▸ **What needs to be done**
In the records below, find the line holding "Offer a very short reply. -18.91." and the line holding "Make the answer very short. -17.12.". Set down both, with every line between them, exactly.

[Source records]
------------

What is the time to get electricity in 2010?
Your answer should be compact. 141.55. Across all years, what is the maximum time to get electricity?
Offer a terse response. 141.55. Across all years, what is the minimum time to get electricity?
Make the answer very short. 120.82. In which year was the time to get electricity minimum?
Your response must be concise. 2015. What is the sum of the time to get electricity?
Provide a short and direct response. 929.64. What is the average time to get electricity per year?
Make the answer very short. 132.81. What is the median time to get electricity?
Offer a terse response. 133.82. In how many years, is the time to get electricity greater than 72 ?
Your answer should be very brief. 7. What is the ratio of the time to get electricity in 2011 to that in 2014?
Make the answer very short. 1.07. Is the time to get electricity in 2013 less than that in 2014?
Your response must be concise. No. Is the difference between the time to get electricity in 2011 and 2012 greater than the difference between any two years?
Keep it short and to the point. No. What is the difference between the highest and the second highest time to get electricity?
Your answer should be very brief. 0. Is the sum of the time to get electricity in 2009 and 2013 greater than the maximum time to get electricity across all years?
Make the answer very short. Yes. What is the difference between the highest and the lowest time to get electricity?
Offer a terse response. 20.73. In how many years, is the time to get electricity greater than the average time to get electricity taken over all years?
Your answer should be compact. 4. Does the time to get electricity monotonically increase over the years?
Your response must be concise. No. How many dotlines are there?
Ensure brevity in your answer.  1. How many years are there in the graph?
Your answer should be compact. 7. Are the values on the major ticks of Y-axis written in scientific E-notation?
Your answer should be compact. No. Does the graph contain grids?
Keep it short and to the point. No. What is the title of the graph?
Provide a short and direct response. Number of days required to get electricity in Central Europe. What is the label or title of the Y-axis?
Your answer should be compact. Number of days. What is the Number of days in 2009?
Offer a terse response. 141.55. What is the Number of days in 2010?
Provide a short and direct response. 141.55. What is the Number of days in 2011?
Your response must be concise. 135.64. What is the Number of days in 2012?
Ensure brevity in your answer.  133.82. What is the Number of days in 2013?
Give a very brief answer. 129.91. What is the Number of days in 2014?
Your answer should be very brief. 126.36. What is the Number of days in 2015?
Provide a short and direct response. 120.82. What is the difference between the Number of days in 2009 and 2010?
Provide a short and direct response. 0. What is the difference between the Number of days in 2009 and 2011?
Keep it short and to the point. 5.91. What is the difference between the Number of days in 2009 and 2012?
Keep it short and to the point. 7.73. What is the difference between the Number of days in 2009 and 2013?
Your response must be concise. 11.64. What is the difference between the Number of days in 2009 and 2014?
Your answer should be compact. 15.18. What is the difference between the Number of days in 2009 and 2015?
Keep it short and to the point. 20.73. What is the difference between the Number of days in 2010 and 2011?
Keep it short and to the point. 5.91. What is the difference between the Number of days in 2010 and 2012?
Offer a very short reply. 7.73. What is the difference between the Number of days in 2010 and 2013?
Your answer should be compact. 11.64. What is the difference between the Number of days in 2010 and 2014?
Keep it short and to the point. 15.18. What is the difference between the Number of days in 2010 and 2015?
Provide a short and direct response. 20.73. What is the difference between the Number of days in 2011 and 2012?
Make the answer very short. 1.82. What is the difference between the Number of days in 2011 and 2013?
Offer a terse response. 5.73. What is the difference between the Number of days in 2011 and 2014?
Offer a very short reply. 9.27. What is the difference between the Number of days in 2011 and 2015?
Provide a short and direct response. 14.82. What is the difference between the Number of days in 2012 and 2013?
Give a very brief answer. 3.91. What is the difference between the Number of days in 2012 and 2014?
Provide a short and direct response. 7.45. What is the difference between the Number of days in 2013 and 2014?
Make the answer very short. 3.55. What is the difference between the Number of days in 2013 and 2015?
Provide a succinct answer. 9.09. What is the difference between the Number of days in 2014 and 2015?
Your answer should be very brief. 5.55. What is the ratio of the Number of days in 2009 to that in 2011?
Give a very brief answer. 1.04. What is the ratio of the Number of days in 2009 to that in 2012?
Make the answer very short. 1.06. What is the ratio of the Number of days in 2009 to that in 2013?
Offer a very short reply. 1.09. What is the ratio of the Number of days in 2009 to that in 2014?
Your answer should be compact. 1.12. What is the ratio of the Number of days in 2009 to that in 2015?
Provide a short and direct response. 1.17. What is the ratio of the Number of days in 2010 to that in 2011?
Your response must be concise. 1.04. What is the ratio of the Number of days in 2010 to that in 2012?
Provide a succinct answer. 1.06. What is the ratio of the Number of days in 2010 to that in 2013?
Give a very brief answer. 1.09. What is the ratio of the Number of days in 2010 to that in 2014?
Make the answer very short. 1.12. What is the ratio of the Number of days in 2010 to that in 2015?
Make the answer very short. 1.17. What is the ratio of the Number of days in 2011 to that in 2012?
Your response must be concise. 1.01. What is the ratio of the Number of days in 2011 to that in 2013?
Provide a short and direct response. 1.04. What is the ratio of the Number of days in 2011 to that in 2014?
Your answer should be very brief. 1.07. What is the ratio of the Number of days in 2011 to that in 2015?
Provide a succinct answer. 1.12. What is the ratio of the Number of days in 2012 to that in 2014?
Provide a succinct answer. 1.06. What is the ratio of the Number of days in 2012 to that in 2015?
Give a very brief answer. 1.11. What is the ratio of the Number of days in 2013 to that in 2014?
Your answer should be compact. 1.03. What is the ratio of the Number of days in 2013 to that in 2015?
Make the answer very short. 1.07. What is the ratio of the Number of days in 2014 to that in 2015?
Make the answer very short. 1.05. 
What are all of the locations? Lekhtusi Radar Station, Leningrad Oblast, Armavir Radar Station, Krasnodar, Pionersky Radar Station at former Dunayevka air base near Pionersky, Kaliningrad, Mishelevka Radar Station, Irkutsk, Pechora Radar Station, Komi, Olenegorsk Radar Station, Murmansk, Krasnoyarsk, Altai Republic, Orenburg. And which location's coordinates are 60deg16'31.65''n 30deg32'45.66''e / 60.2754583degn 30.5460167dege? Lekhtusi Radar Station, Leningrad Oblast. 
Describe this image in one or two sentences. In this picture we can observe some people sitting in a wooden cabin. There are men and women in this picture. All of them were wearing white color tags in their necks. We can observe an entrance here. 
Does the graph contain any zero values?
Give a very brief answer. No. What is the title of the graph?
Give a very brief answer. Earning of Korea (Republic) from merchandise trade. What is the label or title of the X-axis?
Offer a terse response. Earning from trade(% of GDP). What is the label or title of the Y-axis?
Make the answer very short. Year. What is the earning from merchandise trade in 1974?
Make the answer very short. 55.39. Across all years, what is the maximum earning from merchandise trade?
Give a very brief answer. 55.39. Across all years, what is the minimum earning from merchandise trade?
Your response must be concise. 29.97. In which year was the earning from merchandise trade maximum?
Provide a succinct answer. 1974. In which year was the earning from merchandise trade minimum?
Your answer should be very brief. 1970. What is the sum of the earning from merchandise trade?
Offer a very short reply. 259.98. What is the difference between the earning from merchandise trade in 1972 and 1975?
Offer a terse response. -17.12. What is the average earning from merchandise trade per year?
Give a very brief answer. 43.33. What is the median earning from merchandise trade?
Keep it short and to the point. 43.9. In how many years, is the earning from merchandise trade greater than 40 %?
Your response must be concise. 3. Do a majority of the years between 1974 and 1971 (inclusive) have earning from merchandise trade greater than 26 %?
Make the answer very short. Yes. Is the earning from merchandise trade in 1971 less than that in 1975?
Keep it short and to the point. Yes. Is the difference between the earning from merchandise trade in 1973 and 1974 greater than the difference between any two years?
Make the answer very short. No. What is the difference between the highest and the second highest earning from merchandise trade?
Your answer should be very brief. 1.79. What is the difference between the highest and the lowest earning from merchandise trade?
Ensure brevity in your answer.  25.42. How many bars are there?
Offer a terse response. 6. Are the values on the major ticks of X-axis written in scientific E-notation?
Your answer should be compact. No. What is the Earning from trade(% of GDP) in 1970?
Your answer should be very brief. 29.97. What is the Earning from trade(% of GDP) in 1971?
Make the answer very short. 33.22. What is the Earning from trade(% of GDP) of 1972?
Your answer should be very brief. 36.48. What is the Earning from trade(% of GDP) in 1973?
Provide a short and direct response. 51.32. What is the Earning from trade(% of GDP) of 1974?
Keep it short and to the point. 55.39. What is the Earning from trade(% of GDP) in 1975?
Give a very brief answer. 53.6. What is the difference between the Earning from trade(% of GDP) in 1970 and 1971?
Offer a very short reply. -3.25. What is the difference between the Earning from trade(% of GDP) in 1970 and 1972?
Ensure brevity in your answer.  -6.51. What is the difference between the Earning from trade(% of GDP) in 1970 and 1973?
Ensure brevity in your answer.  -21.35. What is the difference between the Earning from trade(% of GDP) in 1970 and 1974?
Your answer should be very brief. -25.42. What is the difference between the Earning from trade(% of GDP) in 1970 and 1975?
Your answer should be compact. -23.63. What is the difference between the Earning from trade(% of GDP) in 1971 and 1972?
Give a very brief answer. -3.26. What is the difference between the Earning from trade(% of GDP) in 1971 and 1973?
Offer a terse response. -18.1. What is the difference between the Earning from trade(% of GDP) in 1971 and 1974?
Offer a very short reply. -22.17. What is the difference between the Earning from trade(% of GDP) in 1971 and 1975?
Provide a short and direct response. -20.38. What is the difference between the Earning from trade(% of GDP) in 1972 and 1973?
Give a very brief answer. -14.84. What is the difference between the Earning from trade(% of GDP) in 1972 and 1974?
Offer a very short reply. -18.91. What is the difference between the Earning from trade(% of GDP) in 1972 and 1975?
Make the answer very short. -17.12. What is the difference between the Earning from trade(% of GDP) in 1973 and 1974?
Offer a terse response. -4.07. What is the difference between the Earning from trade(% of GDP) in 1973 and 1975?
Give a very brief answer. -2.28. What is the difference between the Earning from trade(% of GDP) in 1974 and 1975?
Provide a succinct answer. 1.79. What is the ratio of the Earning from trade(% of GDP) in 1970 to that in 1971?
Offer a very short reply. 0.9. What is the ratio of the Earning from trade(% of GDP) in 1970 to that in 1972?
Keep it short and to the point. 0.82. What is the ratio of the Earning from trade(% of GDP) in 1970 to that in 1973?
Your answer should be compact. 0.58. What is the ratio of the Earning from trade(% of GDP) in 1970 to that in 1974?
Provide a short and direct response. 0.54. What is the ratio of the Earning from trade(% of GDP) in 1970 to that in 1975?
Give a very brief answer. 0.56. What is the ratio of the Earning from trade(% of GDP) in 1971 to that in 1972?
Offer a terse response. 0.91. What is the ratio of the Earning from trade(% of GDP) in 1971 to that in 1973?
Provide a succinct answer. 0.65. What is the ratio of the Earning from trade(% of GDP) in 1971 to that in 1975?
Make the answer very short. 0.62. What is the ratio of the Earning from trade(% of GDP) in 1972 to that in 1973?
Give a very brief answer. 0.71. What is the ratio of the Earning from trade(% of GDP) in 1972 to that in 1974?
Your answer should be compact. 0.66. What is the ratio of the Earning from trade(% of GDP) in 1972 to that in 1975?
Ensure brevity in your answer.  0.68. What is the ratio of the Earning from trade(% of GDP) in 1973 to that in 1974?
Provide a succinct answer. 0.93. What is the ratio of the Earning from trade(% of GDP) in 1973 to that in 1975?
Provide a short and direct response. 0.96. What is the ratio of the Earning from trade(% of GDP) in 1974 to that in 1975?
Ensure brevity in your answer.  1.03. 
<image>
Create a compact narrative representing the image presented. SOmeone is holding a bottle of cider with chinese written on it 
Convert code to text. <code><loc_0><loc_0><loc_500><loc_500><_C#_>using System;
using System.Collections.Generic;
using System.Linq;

------------

▸ **Output of the task**
Offer a very short reply. -18.91. What is the difference between the Earning from trade(% of GDP) in 1972 and 1975?
Make the answer very short. -17.12. What is the difference between the Earning from trade(% of GDP) in 1973 and 1974?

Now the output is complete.